Subject Re: [firebird-support] Bug with character sets
Author Ann W. Harrison
Brad Pepers wrote:

>> A VARCHAR is passed as two bytes of character length, plus
>> that many characters. So the actual stored character length
>> is passed for a VARCHAR. The buffer is fixed size and
>> probably padded with spaces.
>
> So if I select a column using UTF8 for the character set and it has
> two characters each of which takes up 2 bytes, I'll be told it is two
> characters long and not 4 bytes?
>
> If this works, why couldn't CHAR work the same way?

Because the length is part of the VARCHAR representation - the leading
two bytes are the length in characters. There is no such part to the
CHAR data type.


> If selecting a
> CHAR(2) column that uses UTF8 and it has a single byte character and a
> double byte character, return back that it is two characters long.

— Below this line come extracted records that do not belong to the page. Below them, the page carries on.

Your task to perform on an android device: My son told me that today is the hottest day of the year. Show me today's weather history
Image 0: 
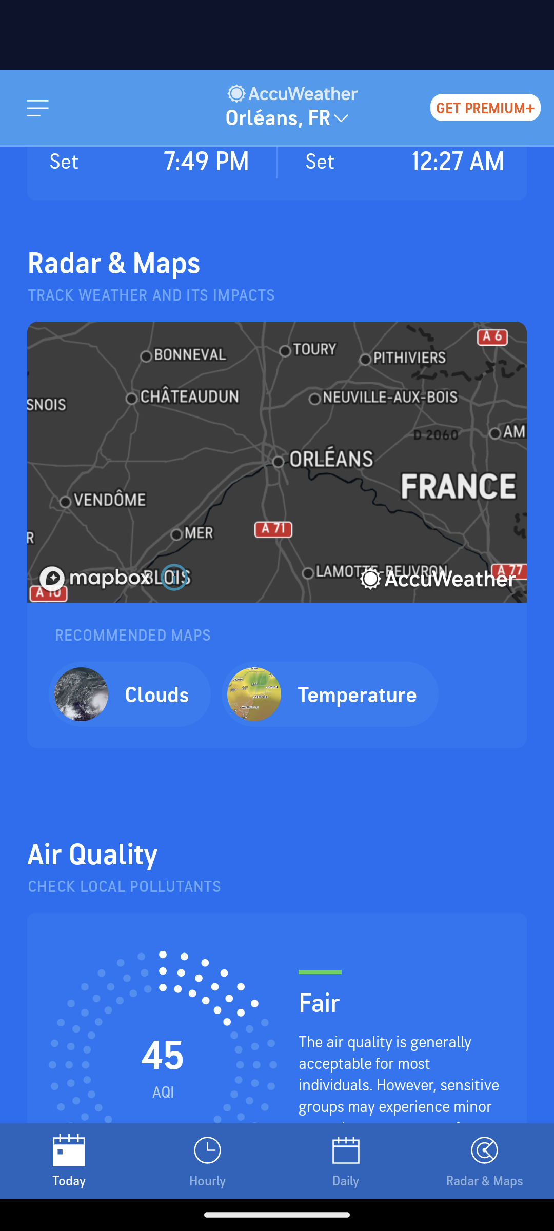
Click on the Daily at the bottom of the screen
Step 0: click (346, 1161)
Image 1: 
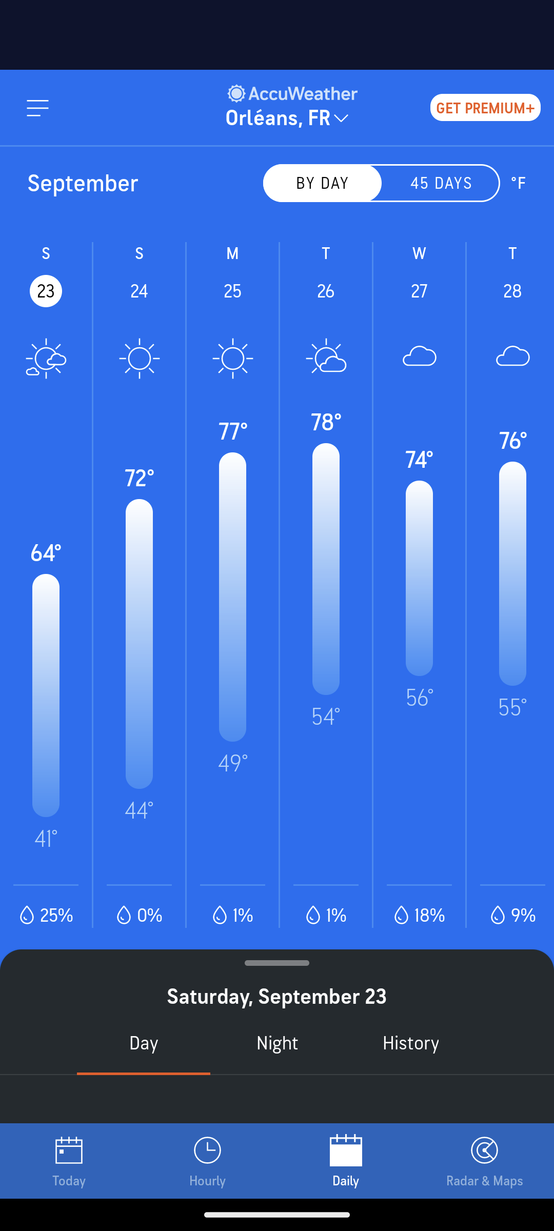
Click on the 23 September
Step 1: click (46, 291)
Image 2: 
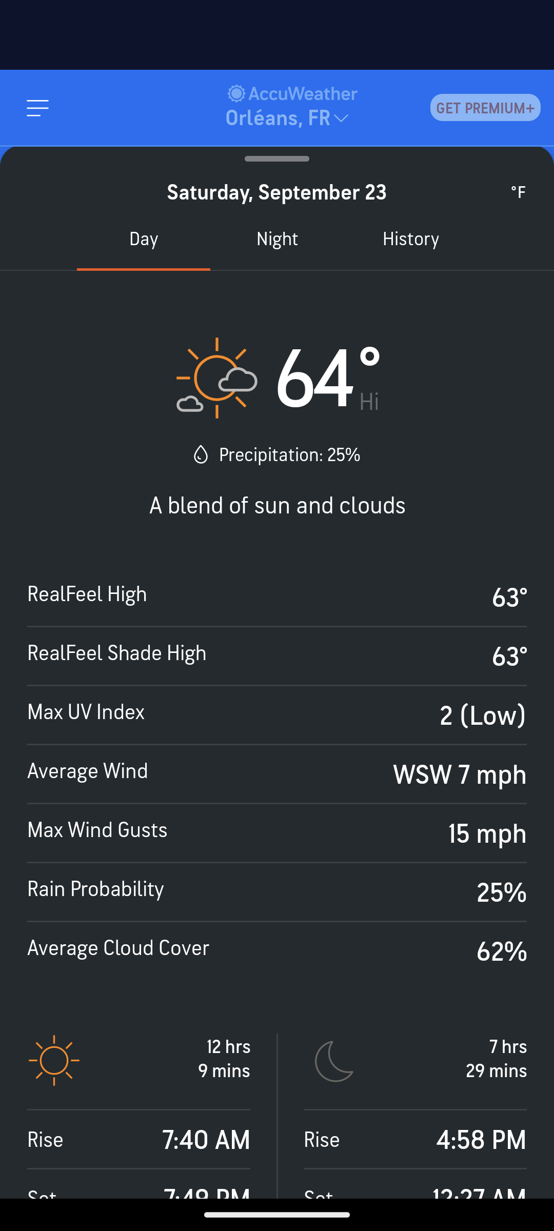
Click on the History tab
Step 2: click (410, 239)

"Return back" sounds simple, but there is no place in the call or
the structures passed to return that information. If you want the
length in characters, ask for the result as a VARCHAR so there is
a place to put the information you want.

>
>>> Why is the CHAR buffer padded, but it seems VARCHAR isn't?
>> Both are padded. VARCHAR has the character length. CHAR
>> does not. Perhaps the easiest solution is to cast all strings
>> to VARCHAR if you're using a multi-byte (and especially a
>> variable length multi-byte) character set.
>
> That was one option I was looking at to make this work. It is a shame
> though to have to work around it like this.

Think a minute people! You shouldn't be using CHAR for variable
length data. If your data is fixed length, use CHAR - and know
what length you expect. If your data is variable, use VARCHAR.
That's what the VAR stands for.

Cheers,

Ann